With my pursuit of becoming a data analyst/scientist in the next five years, generative AI can help me in the future with coding assistance, breaking down big portions of information into smaller bits, and editing data. I believe that AI isn’t and shouldn’t take over the data industry, since data-review and verification needs to be hand-operated. AI can and will be helpful for coding assistance and visualization, but the originality, creativity and ideas need to remain human-driven.
WEEK 8 REFLECTION (3/31/2026): RAG CRITICISMS AND IMPROVEMENTS
According to Google AI Overview, RAG (Retrieval-Augmented Generation) is an AI framework that LLM outputs by referencing internal documents or the internet before generating a response, which matters for research since it stays up-to-date, reduces hallucinations, specializes data, information, and offers cited and verified facts.
Grounding generation in retrieved documents change the trustworthiness of AI output through verifying evidences, reducing misinformation, being contextually accurate, and having AI easily explaining it with increased confidence in the output.
Some criticisms of RAG include inaccuracies and unreliability, as well as delivering outdated or incomplete information.
In order to improve generation is through advanced retrieval techniques, data preparation & chunking.

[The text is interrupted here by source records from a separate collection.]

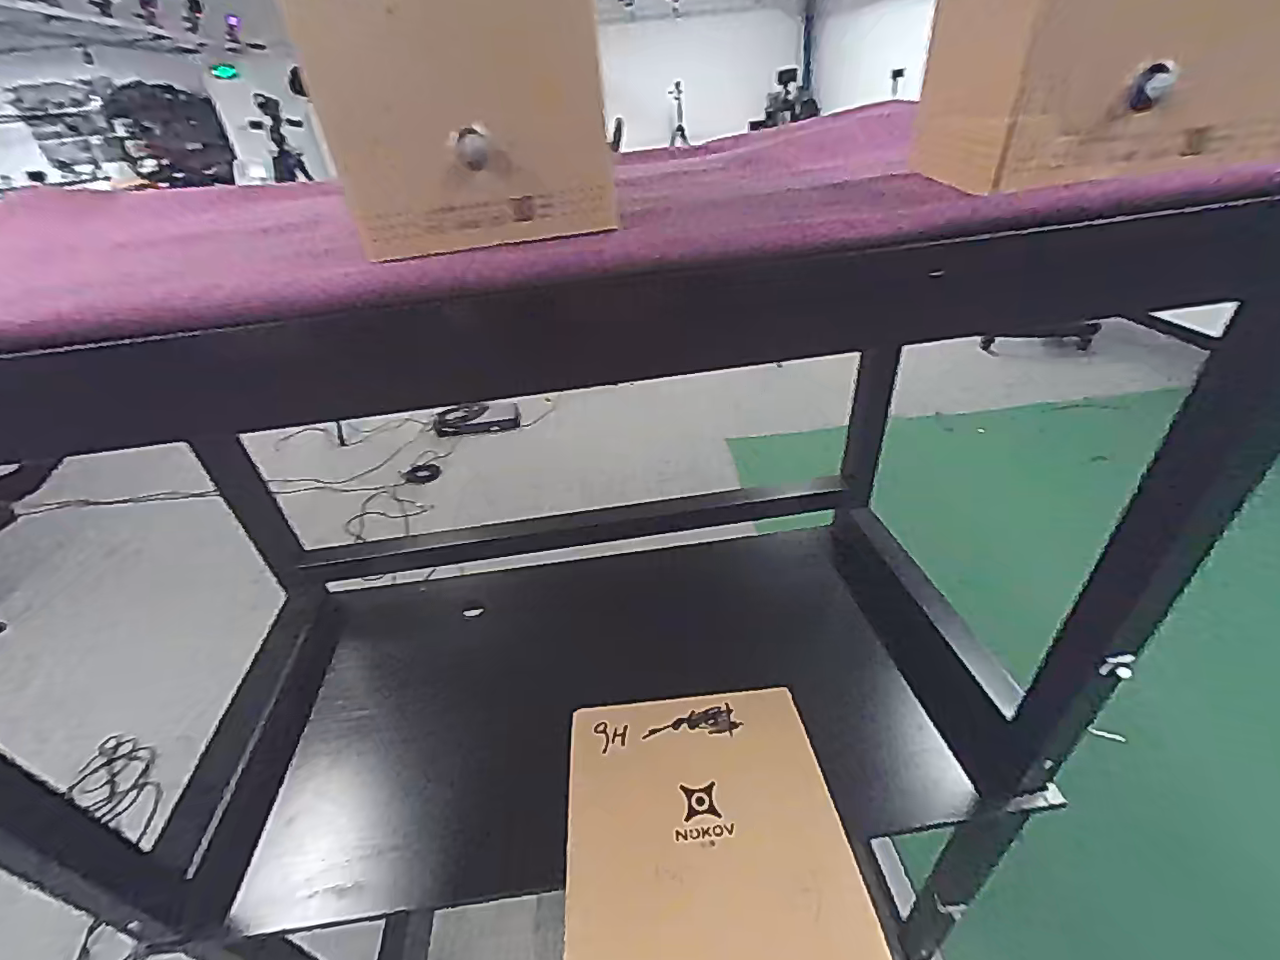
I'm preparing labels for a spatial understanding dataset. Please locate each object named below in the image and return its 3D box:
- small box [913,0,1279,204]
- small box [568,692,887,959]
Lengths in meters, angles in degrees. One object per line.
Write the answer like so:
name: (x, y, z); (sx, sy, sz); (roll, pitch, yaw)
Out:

WEEK 9 REFLECTION (4/7/2026): KNOWLEDGE GRAPHS, WITH ITS NODES AND RELATIONSHIPS
Google Gemini states that a knowledge graph is a structured representation of information that models as a network of connected entities and relationships.
It differs from a traditional database and vector store because its data structure is made of of nodes (entities) and edges (relations), whereas traditional (relational) databases contains rows and columns, and vector store contain high-dimensional numerical arrays.

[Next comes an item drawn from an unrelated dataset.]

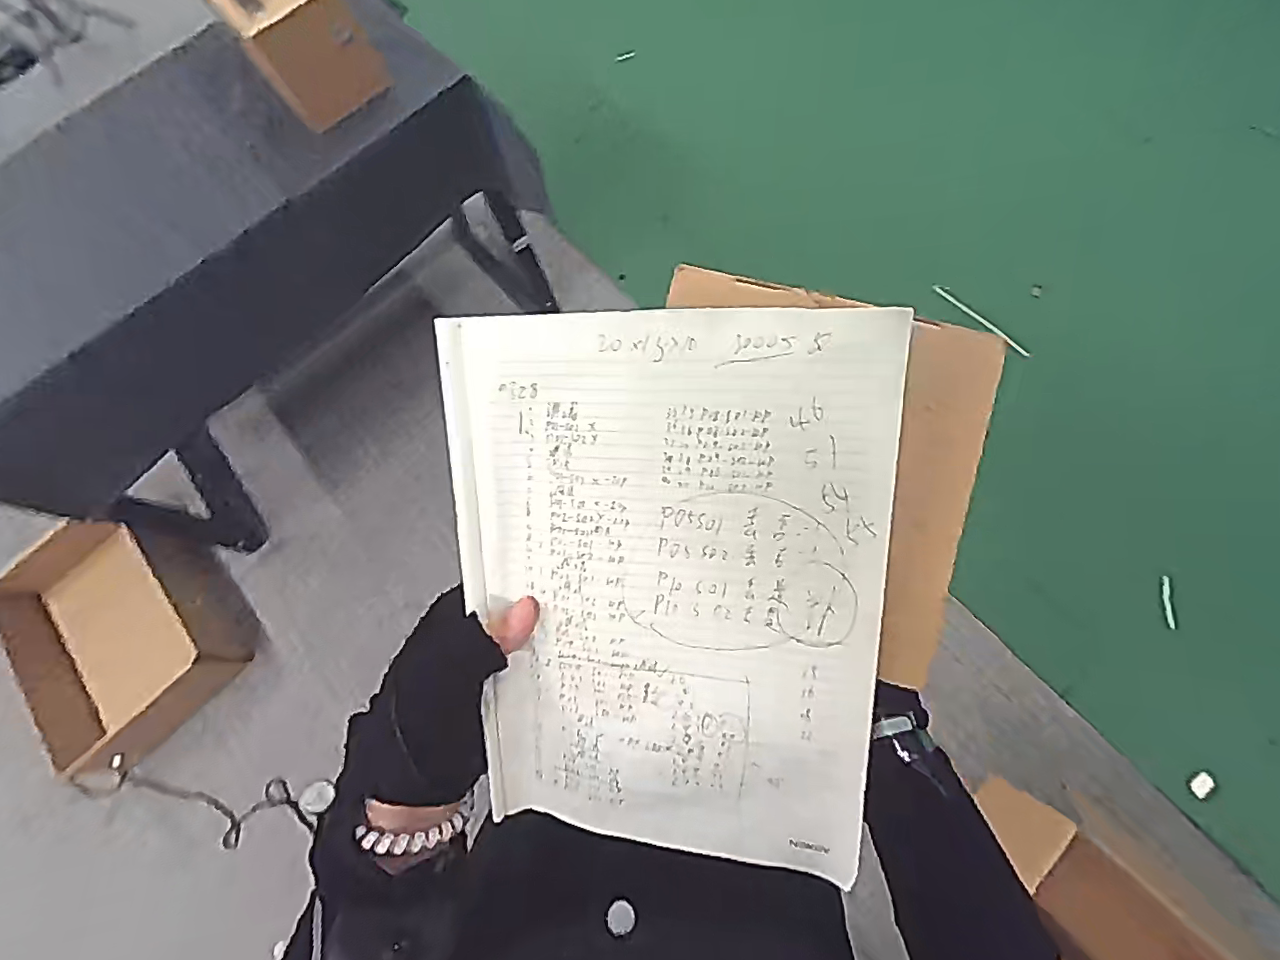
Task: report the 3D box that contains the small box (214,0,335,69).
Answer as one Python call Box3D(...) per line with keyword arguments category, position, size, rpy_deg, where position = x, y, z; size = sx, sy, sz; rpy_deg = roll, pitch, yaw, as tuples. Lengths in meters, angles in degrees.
Box3D(category="small box", position=(-0.745, -0.958, 1.054), size=(0.168, 0.176, 0.179), rpy_deg=(-37, 72, -5))

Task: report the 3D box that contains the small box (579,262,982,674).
Box3D(category="small box", position=(0.076, -0.003, 0.347), size=(0.168, 0.176, 0.179), rpy_deg=(15, 85, 6))

The reason why relationships between entities for knowledge mining are valuable is due to multiple factors: contextual disambiguation, inference and reasoning, pattern and path discovery, and enhancing AI accuracy, which is done through RAG.

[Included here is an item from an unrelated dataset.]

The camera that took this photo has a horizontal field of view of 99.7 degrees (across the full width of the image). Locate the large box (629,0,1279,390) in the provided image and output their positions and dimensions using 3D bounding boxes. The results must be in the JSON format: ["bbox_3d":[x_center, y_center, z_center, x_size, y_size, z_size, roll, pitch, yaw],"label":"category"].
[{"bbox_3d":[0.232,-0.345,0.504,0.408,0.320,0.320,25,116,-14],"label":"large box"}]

In terms of a social data analyst perspective, three nodes could be neighborhoods, ZIP codes and specific metropolitan areas, and three relationships could be neighborhoods being located within ZIP codes, which is part of a metropolitan zone. The reason why this structure helps answer question a flat dataset cannot is due to flat datasets being built for direct attributes, whereas knowledge graphs are built for indirect paths.
WEEK 10 REFLECTION (4/14/2026): AI FOR SCIENCE AND AGENTIC AI SYSTEMS
ChatGPT defines AI for Science as the utilization of Artificial Intelligence to help with making scientific discoveries, where it helps scientists with data analysis, organization, cleaning, and solving complex model systems.
Agentic AI systems are designed to be efficient research assistants compared to single-prompt interactions., where it can manage breaking tasks into smaller parts, analyze outcomes, revise strategies and proceeds to work through the problems with stages.